(Saved entries)
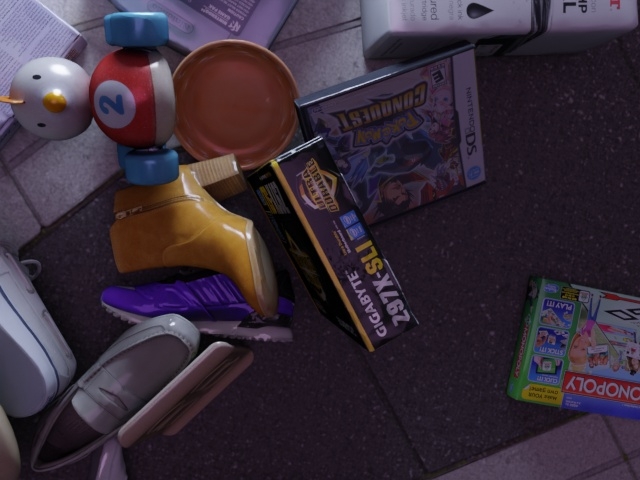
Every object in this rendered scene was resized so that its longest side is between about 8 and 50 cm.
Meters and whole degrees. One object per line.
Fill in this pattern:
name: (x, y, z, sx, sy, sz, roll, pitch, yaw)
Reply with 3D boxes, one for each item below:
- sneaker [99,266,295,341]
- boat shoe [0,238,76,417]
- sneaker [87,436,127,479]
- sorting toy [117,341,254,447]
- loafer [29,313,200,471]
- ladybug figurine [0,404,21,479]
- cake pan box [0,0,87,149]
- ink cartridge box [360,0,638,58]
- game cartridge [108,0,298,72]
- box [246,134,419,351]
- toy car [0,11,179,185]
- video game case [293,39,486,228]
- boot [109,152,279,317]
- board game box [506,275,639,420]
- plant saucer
sneaker: (-0.180, 0.071, 1.009, 0.293, 0.102, 0.146, 9, 83, -12)
boat shoe: (-0.464, 0.063, 0.932, 0.136, 0.156, 0.367, -35, 93, 13)
sneaker: (-0.312, 0.396, 1.015, 0.094, 0.080, 0.212, 7, 98, -22)
sorting toy: (-0.191, 0.217, 0.962, 0.193, 0.208, 0.038, -43, 77, -5)
loafer: (-0.293, 0.223, 0.929, 0.112, 0.111, 0.319, 42, 110, -17)
ladybug figurine: (-0.567, 0.184, 0.836, 0.449, 0.305, 0.162, 50, 46, -2)
cake pan box: (-0.518, -0.268, 0.944, 0.246, 0.070, 0.267, 37, 86, -8)
ink cartridge box: (0.266, -0.444, 1.020, 0.395, 0.166, 0.285, -5, 94, -10)
game cartridge: (-0.195, -0.389, 1.002, 0.297, 0.062, 0.198, 31, 91, -10)
box: (0.000, 0.000, 0.917, 0.079, 0.322, 0.257, -27, 97, -9)
toy car: (-0.326, -0.190, 0.887, 0.238, 0.210, 0.219, -8, 109, -20)
video game case: (0.119, -0.145, 1.011, 0.275, 0.035, 0.248, -21, 128, -7)
boot: (-0.188, 0.015, 0.943, 0.211, 0.104, 0.295, -22, 57, 2)
board game box: (0.499, 0.195, 1.152, 0.317, 0.046, 0.213, 11, 90, -10)
plant saucer: (-0.130, -0.205, 1.000, 0.200, 0.037, 0.200, -2, 114, -5)

AIM OF THE TASK: Copy out every line above, word for word, minus images.

EXERCISE ANSWER:
Every object in this rendered scene was resized so that its longest side is between about 8 and 50 cm.
Meters and whole degrees. One object per line.
Fill in this pattern:
name: (x, y, z, sx, sy, sz, roll, pitch, yaw)
Reply with 3D boxes, one for each item below:
- sneaker [99,266,295,341]
- boat shoe [0,238,76,417]
- sneaker [87,436,127,479]
- sorting toy [117,341,254,447]
- loafer [29,313,200,471]
- ladybug figurine [0,404,21,479]
- cake pan box [0,0,87,149]
- ink cartridge box [360,0,638,58]
- game cartridge [108,0,298,72]
- box [246,134,419,351]
- toy car [0,11,179,185]
- video game case [293,39,486,228]
- boot [109,152,279,317]
- board game box [506,275,639,420]
- plant saucer
sneaker: (-0.180, 0.071, 1.009, 0.293, 0.102, 0.146, 9, 83, -12)
boat shoe: (-0.464, 0.063, 0.932, 0.136, 0.156, 0.367, -35, 93, 13)
sneaker: (-0.312, 0.396, 1.015, 0.094, 0.080, 0.212, 7, 98, -22)
sorting toy: (-0.191, 0.217, 0.962, 0.193, 0.208, 0.038, -43, 77, -5)
loafer: (-0.293, 0.223, 0.929, 0.112, 0.111, 0.319, 42, 110, -17)
ladybug figurine: (-0.567, 0.184, 0.836, 0.449, 0.305, 0.162, 50, 46, -2)
cake pan box: (-0.518, -0.268, 0.944, 0.246, 0.070, 0.267, 37, 86, -8)
ink cartridge box: (0.266, -0.444, 1.020, 0.395, 0.166, 0.285, -5, 94, -10)
game cartridge: (-0.195, -0.389, 1.002, 0.297, 0.062, 0.198, 31, 91, -10)
box: (0.000, 0.000, 0.917, 0.079, 0.322, 0.257, -27, 97, -9)
toy car: (-0.326, -0.190, 0.887, 0.238, 0.210, 0.219, -8, 109, -20)
video game case: (0.119, -0.145, 1.011, 0.275, 0.035, 0.248, -21, 128, -7)
boot: (-0.188, 0.015, 0.943, 0.211, 0.104, 0.295, -22, 57, 2)
board game box: (0.499, 0.195, 1.152, 0.317, 0.046, 0.213, 11, 90, -10)
plant saucer: (-0.130, -0.205, 1.000, 0.200, 0.037, 0.200, -2, 114, -5)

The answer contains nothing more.